[Dataset excerpts]
□ □ □
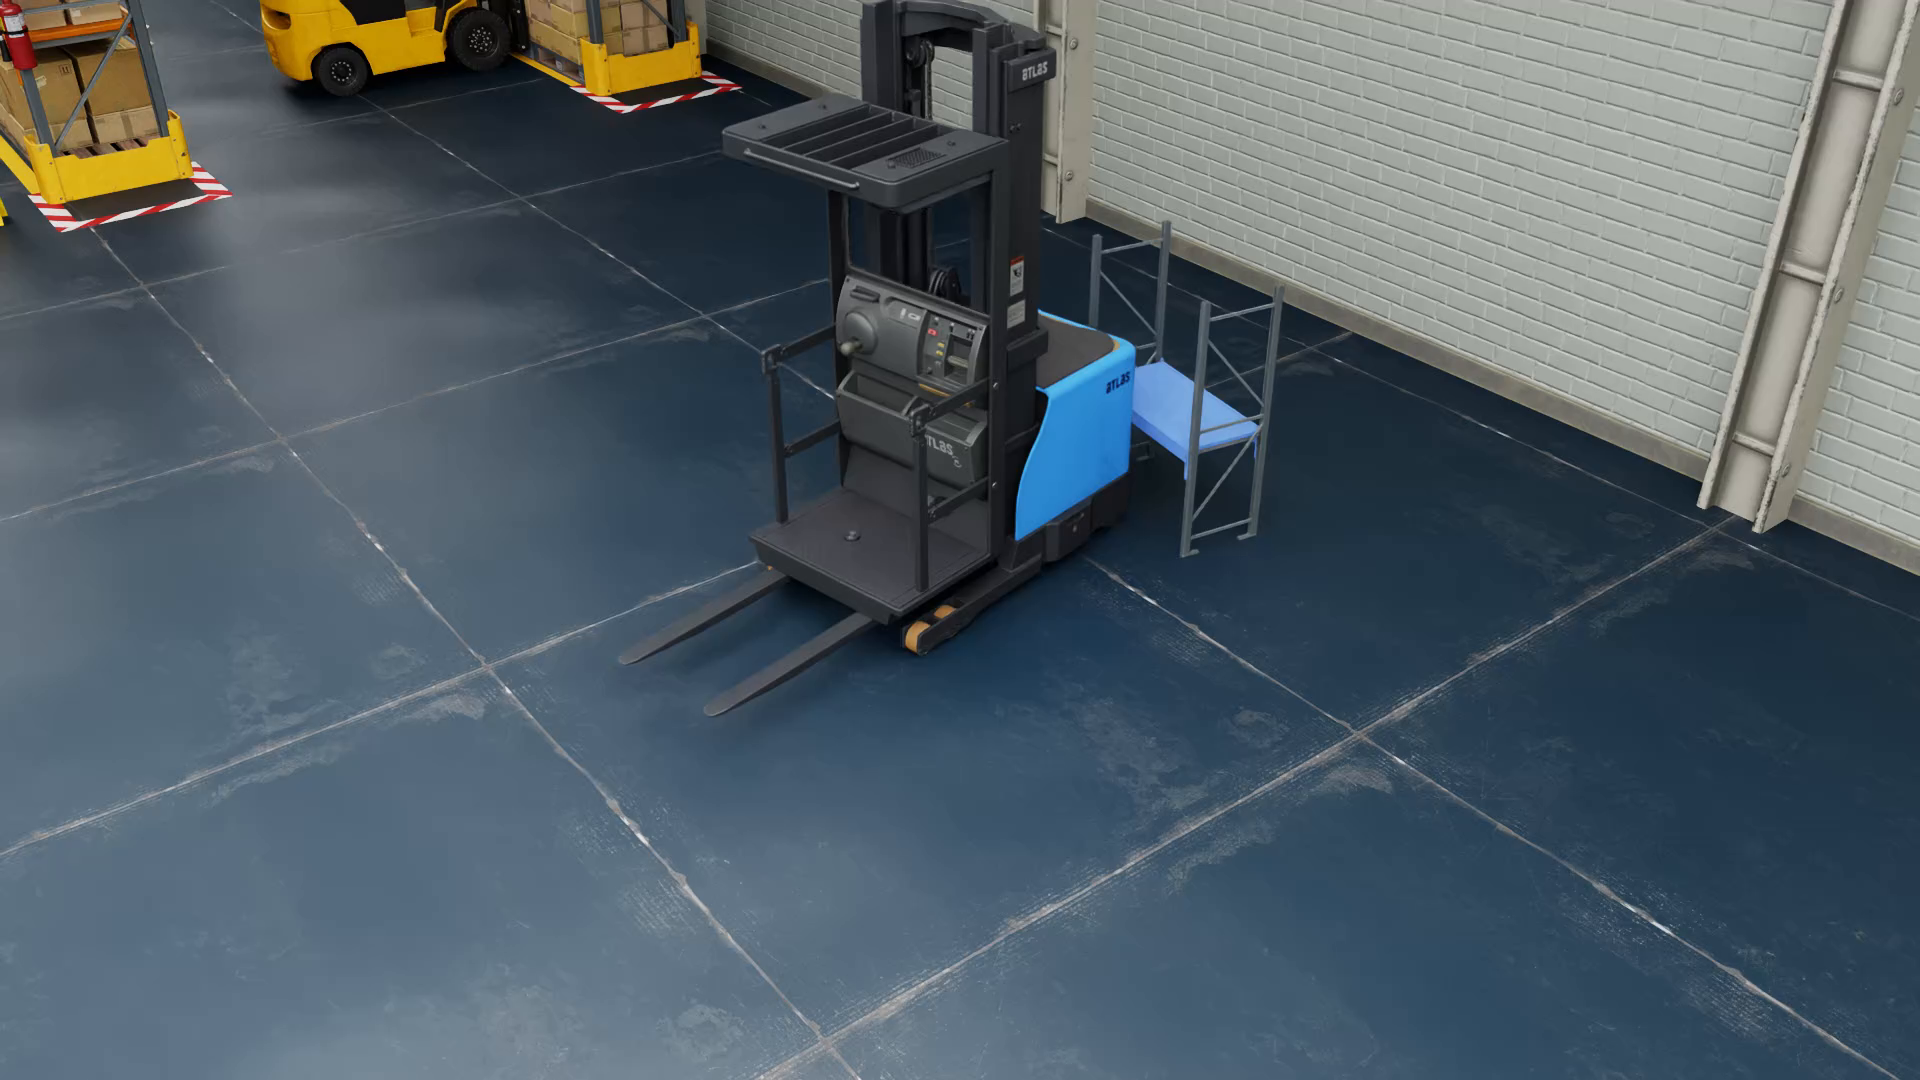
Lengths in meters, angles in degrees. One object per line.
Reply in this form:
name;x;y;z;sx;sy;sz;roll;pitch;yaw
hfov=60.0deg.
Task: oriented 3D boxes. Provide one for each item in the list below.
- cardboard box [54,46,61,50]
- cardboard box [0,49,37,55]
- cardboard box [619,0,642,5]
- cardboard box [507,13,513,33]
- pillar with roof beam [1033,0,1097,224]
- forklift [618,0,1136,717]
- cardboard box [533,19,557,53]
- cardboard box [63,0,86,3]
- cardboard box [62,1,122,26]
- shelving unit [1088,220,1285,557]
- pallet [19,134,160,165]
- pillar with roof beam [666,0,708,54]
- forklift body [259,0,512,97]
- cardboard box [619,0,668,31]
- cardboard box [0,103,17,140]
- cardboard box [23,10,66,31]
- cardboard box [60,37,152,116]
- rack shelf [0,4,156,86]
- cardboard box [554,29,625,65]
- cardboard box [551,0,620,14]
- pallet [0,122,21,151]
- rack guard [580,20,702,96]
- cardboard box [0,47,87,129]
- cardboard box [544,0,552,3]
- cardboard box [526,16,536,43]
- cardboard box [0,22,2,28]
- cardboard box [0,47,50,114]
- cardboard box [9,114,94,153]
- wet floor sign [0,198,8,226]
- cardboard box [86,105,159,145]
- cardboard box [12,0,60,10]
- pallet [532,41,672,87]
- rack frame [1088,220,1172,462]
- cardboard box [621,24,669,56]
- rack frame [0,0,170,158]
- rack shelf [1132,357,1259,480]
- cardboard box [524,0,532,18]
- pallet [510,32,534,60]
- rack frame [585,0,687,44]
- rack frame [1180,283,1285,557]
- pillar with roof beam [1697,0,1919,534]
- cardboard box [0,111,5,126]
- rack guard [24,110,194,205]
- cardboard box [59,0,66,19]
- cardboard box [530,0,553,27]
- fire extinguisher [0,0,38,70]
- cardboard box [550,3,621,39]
cardboard box;-7.698;-4.233;14.720;0.500;0.500;0.500;-24;39;-33
cardboard box;-8.058;-4.237;14.112;0.380;0.149;0.250;-21;38;-30
cardboard box;-3.310;-5.556;16.614;0.500;0.250;0.500;-23;39;-32
cardboard box;-4.635;-5.595;17.623;0.500;0.250;0.500;-21;38;-30
pillar with roof beam;-2.601;-5.097;8.927;9.100;9.000;0.400;-22;38;-31
forklift;-0.386;-0.972;8.037;1.130;2.935;3.031;25;39;34
cardboard box;-3.999;-5.174;16.946;0.500;0.250;0.500;-22;38;-31
cardboard box;-7.154;-4.708;13.611;0.500;0.500;0.500;-23;39;-32
cardboard box;-7.128;-4.354;13.656;0.380;0.149;0.250;-22;38;-31
shelving unit;1.191;-0.846;9.190;0.538;1.500;1.048;-16;35;-24
pallet;-7.600;-3.449;14.604;1.003;0.211;1.213;-22;38;-31
pillar with roof beam;-6.280;-7.597;12.953;9.100;9.000;0.400;-22;38;-31
forklift body;-5.768;-5.699;16.388;2.313;2.155;1.214;-22;38;-31
cardboard box;-3.289;-5.346;16.748;0.500;0.250;0.500;-21;38;-31
cardboard box;-8.103;-3.731;14.622;0.500;0.250;0.500;-22;38;-31
cardboard box;-7.481;-4.232;13.459;0.380;0.149;0.250;-21;37;-30
cardboard box;-7.374;-4.017;14.371;0.500;0.500;0.500;-24;39;-33
rack shelf;-8.309;-4.780;14.785;1.077;0.370;4.000;-22;38;-31
cardboard box;-3.702;-4.964;16.607;0.500;0.250;0.500;-22;38;-31
cardboard box;-3.693;-5.386;16.339;0.500;0.250;0.500;-21;37;-30
pallet;-8.344;-3.957;15.422;1.003;0.211;1.213;-22;38;-31
rack guard;-3.150;-4.788;16.485;1.175;0.500;0.348;-22;38;-31
cardboard box;-7.780;-3.831;14.072;0.500;0.500;0.500;-22;38;-31
cardboard box;-4.011;-5.597;16.679;0.500;0.250;0.500;-22;38;-31
cardboard box;-4.299;-5.385;17.286;0.500;0.250;0.500;-22;38;-31
cardboard box;-7.724;-4.302;13.571;0.380;0.149;0.250;-23;38;-32
cardboard box;-8.103;-4.047;14.420;0.500;0.500;0.500;-21;37;-30
cardboard box;-7.806;-3.522;14.286;0.500;0.250;0.500;-22;38;-32
wet floor sign;-7.812;-2.827;13.190;0.267;0.644;0.232;-10;33;-15
cardboard box;-7.359;-3.688;14.553;0.500;0.250;0.500;-23;38;-32
cardboard box;-7.633;-4.558;13.369;0.500;0.500;0.500;-23;39;-32
pallet;-3.666;-4.980;17.069;1.003;0.211;1.213;-22;38;-31
rack frame;0.951;-1.082;9.570;0.500;1.500;0.032;-16;35;-24
cardboard box;-3.311;-5.138;16.888;0.500;0.250;0.500;-22;38;-31
rack frame;-7.083;-4.252;13.253;1.000;3.000;0.127;-22;38;-31
rack shelf;1.191;-0.693;9.285;0.538;0.185;1.000;-16;35;-24
cardboard box;-4.342;-5.605;17.166;0.500;0.250;0.500;-23;39;-32
pallet;-4.410;-5.488;17.887;1.003;0.211;1.213;-22;38;-31
rack frame;-3.164;-5.860;15.842;1.000;3.000;0.127;-22;38;-31
rack frame;1.432;-0.610;8.810;0.500;1.500;0.032;-16;35;-24
pillar with roof beam;1.079;-2.596;4.901;9.100;9.000;0.400;-22;38;-31
cardboard box;-8.428;-3.947;14.970;0.500;0.250;0.500;-24;39;-33
rack guard;-7.130;-3.222;13.964;1.175;0.500;0.348;-22;38;-31
cardboard box;-7.294;-4.455;13.817;0.380;0.149;0.250;-22;38;-31
cardboard box;-4.009;-5.397;16.830;0.500;0.250;0.500;-23;38;-32
fire extinguisher;-7.377;-4.023;12.957;0.296;0.674;0.183;-22;38;-31
cardboard box;-3.710;-5.184;16.488;0.500;0.250;0.500;-23;38;-32
□ □ □
Required action -> Set down all of the entries exactly as they stand, without any image.

Response for this exercise ->
Lengths in meters, angles in degrees. One object per line.
Reply in this form:
name;x;y;z;sx;sy;sz;roll;pitch;yaw
hfov=60.0deg.
Task: oriented 3D boxes. Provide one for each item in the list below.
- cardboard box [54,46,61,50]
- cardboard box [0,49,37,55]
- cardboard box [619,0,642,5]
- cardboard box [507,13,513,33]
- pillar with roof beam [1033,0,1097,224]
- forklift [618,0,1136,717]
- cardboard box [533,19,557,53]
- cardboard box [63,0,86,3]
- cardboard box [62,1,122,26]
- shelving unit [1088,220,1285,557]
- pallet [19,134,160,165]
- pillar with roof beam [666,0,708,54]
- forklift body [259,0,512,97]
- cardboard box [619,0,668,31]
- cardboard box [0,103,17,140]
- cardboard box [23,10,66,31]
- cardboard box [60,37,152,116]
- rack shelf [0,4,156,86]
- cardboard box [554,29,625,65]
- cardboard box [551,0,620,14]
- pallet [0,122,21,151]
- rack guard [580,20,702,96]
- cardboard box [0,47,87,129]
- cardboard box [544,0,552,3]
- cardboard box [526,16,536,43]
- cardboard box [0,22,2,28]
- cardboard box [0,47,50,114]
- cardboard box [9,114,94,153]
- wet floor sign [0,198,8,226]
- cardboard box [86,105,159,145]
- cardboard box [12,0,60,10]
- pallet [532,41,672,87]
- rack frame [1088,220,1172,462]
- cardboard box [621,24,669,56]
- rack frame [0,0,170,158]
- rack shelf [1132,357,1259,480]
- cardboard box [524,0,532,18]
- pallet [510,32,534,60]
- rack frame [585,0,687,44]
- rack frame [1180,283,1285,557]
- pillar with roof beam [1697,0,1919,534]
- cardboard box [0,111,5,126]
- rack guard [24,110,194,205]
- cardboard box [59,0,66,19]
- cardboard box [530,0,553,27]
- fire extinguisher [0,0,38,70]
- cardboard box [550,3,621,39]
cardboard box;-7.698;-4.233;14.720;0.500;0.500;0.500;-24;39;-33
cardboard box;-8.058;-4.237;14.112;0.380;0.149;0.250;-21;38;-30
cardboard box;-3.310;-5.556;16.614;0.500;0.250;0.500;-23;39;-32
cardboard box;-4.635;-5.595;17.623;0.500;0.250;0.500;-21;38;-30
pillar with roof beam;-2.601;-5.097;8.927;9.100;9.000;0.400;-22;38;-31
forklift;-0.386;-0.972;8.037;1.130;2.935;3.031;25;39;34
cardboard box;-3.999;-5.174;16.946;0.500;0.250;0.500;-22;38;-31
cardboard box;-7.154;-4.708;13.611;0.500;0.500;0.500;-23;39;-32
cardboard box;-7.128;-4.354;13.656;0.380;0.149;0.250;-22;38;-31
shelving unit;1.191;-0.846;9.190;0.538;1.500;1.048;-16;35;-24
pallet;-7.600;-3.449;14.604;1.003;0.211;1.213;-22;38;-31
pillar with roof beam;-6.280;-7.597;12.953;9.100;9.000;0.400;-22;38;-31
forklift body;-5.768;-5.699;16.388;2.313;2.155;1.214;-22;38;-31
cardboard box;-3.289;-5.346;16.748;0.500;0.250;0.500;-21;38;-31
cardboard box;-8.103;-3.731;14.622;0.500;0.250;0.500;-22;38;-31
cardboard box;-7.481;-4.232;13.459;0.380;0.149;0.250;-21;37;-30
cardboard box;-7.374;-4.017;14.371;0.500;0.500;0.500;-24;39;-33
rack shelf;-8.309;-4.780;14.785;1.077;0.370;4.000;-22;38;-31
cardboard box;-3.702;-4.964;16.607;0.500;0.250;0.500;-22;38;-31
cardboard box;-3.693;-5.386;16.339;0.500;0.250;0.500;-21;37;-30
pallet;-8.344;-3.957;15.422;1.003;0.211;1.213;-22;38;-31
rack guard;-3.150;-4.788;16.485;1.175;0.500;0.348;-22;38;-31
cardboard box;-7.780;-3.831;14.072;0.500;0.500;0.500;-22;38;-31
cardboard box;-4.011;-5.597;16.679;0.500;0.250;0.500;-22;38;-31
cardboard box;-4.299;-5.385;17.286;0.500;0.250;0.500;-22;38;-31
cardboard box;-7.724;-4.302;13.571;0.380;0.149;0.250;-23;38;-32
cardboard box;-8.103;-4.047;14.420;0.500;0.500;0.500;-21;37;-30
cardboard box;-7.806;-3.522;14.286;0.500;0.250;0.500;-22;38;-32
wet floor sign;-7.812;-2.827;13.190;0.267;0.644;0.232;-10;33;-15
cardboard box;-7.359;-3.688;14.553;0.500;0.250;0.500;-23;38;-32
cardboard box;-7.633;-4.558;13.369;0.500;0.500;0.500;-23;39;-32
pallet;-3.666;-4.980;17.069;1.003;0.211;1.213;-22;38;-31
rack frame;0.951;-1.082;9.570;0.500;1.500;0.032;-16;35;-24
cardboard box;-3.311;-5.138;16.888;0.500;0.250;0.500;-22;38;-31
rack frame;-7.083;-4.252;13.253;1.000;3.000;0.127;-22;38;-31
rack shelf;1.191;-0.693;9.285;0.538;0.185;1.000;-16;35;-24
cardboard box;-4.342;-5.605;17.166;0.500;0.250;0.500;-23;39;-32
pallet;-4.410;-5.488;17.887;1.003;0.211;1.213;-22;38;-31
rack frame;-3.164;-5.860;15.842;1.000;3.000;0.127;-22;38;-31
rack frame;1.432;-0.610;8.810;0.500;1.500;0.032;-16;35;-24
pillar with roof beam;1.079;-2.596;4.901;9.100;9.000;0.400;-22;38;-31
cardboard box;-8.428;-3.947;14.970;0.500;0.250;0.500;-24;39;-33
rack guard;-7.130;-3.222;13.964;1.175;0.500;0.348;-22;38;-31
cardboard box;-7.294;-4.455;13.817;0.380;0.149;0.250;-22;38;-31
cardboard box;-4.009;-5.397;16.830;0.500;0.250;0.500;-23;38;-32
fire extinguisher;-7.377;-4.023;12.957;0.296;0.674;0.183;-22;38;-31
cardboard box;-3.710;-5.184;16.488;0.500;0.250;0.500;-23;38;-32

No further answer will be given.